Лечение мышечной дистрофии Дюшенна
Стандартная терапия
Терапия, применяемая в клинической практике, включает симптоматическое и патогенетическое направление. В рамках данных направлений применяется медикаментозная терапия, физическая реабилитация, респираторная поддержка:
- Кортикостероиды. Основная роль в лечении мышечной дистрофии Дюшенна на сегодняшний день отводится глюкокортикостероидам, которые назначаются как способным, так и не способным к самостоятельному передвижению пациентам. ГКС помогают замедлить прогрессирование мышечной слабости, оказывают умеренный пульмопротективный и кардиопротективный эффект, снижают риск развития ортопедических осложнений. Из-а большого количества побочных эффектов глюкокортикостероидной терапии необходим тщательный мониторинг состояния ребенка, своевременная коррекция дозы и схемы приема препарата.
- Метаболическая терапия. Направлена на улучшение обменных процессов в скелетной мускулатуре, костях, сердечной мышце, печени, снижение побочных эффектов от приема ГКС. Включает назначение витаминов группы В, левокарнитина, препаратов Са, витамина D.
- Физическая терапия. С целью минимизировать образование контрактур и продлить двигательную активность пациентов проводится ЛФК, массаж, физиотерапия, пассивная и активная растяжка. Рекомендуется использование ортезов, вертикализатора, специальных шин, занятия лечебным плаванием.
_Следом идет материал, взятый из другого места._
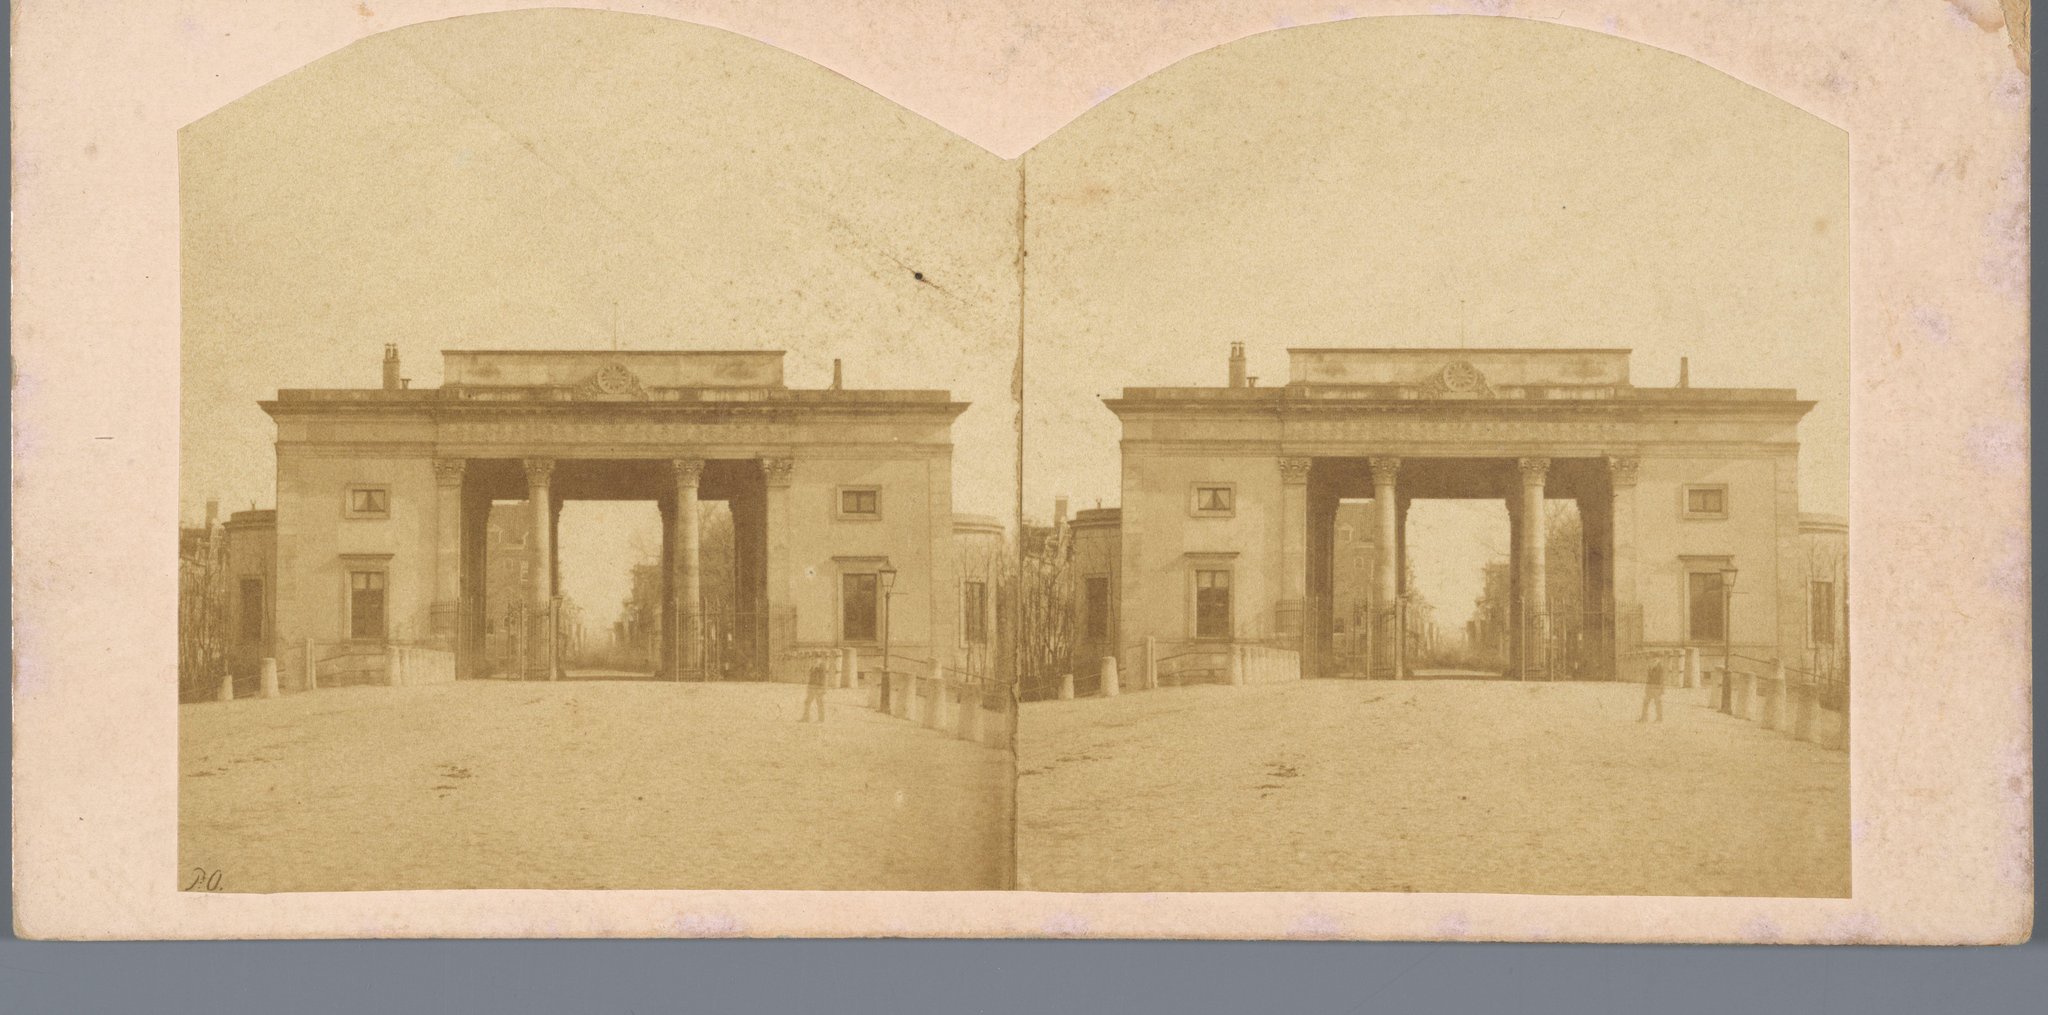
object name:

- Респираторная поддержка. Важное значение имеет контроль дыхательной функции и газового состава крови. При падении ЖЕЛ до 40% рекомендована искусственная вентиляция легких в период сна. В дальнейшем время ИВЛ растет пропорционально снижению ЖЕЛ. В начале ИВЛ может осуществляться при помощи масочного аппарата. Затем необходима трахеостомия, и ИВЛ проводится путем присоединения аппарата к трахеостомической трубке. Современные портативные аппараты ИВЛ работают на батареях и могут быть закреплены на инвалидной коляске.
Экспериментальная терапия
Перспективным направлением является разработка и использование препаратов, нацеленных на восстановление синтеза или замещение дистрофина. В 2020 г. в России был зарегистрирован первый таргетный препарат для лечения мышечной дистрофии Дюшенна — аталурен, который подходит 10% пациентам с нонсенс-мутацией (стоп-кодоном). Препарат позволяет возобновить синтез белка дистрофина в организме, требует пожизненного приема. Другие аналогичные лекарственные средства (этеплирсен, голодирсен) в РФ пока не одобрены к применению. Положительные результаты на стадии клинических испытаний у пациентов с миодистрофией Дюшенна показал микродистрофин. Идет поиск и апробация методов заместительной генной терапии.
Прогноз и профилактика
Из всех форм миодистрофии дистрофия Дюшенна имеет наиболее неблагоприятный прогноз. Манифестация заболевания в раннем возрасте приводит к тому, что к 15 годам пациенты становятся полностью обездвижены. Летальный исход неизбежен. Зачастую больные не достигают 25-летнего возраста. Обычно смертельный исход обусловлен интеркуррентными инфекциями, застойной пневмонией, сердечной или дыхательной недостаточностью.
Профилактические мероприятия направлены на выявление женщин-носительниц аномального гена дистрофина и предупреждение рождения у них больного ребенка. В рамках профилактических мер проводятся консультации генетика для планирующих беременность супружеских пар, консультации беременных и пренатальная ДНК-диагностика.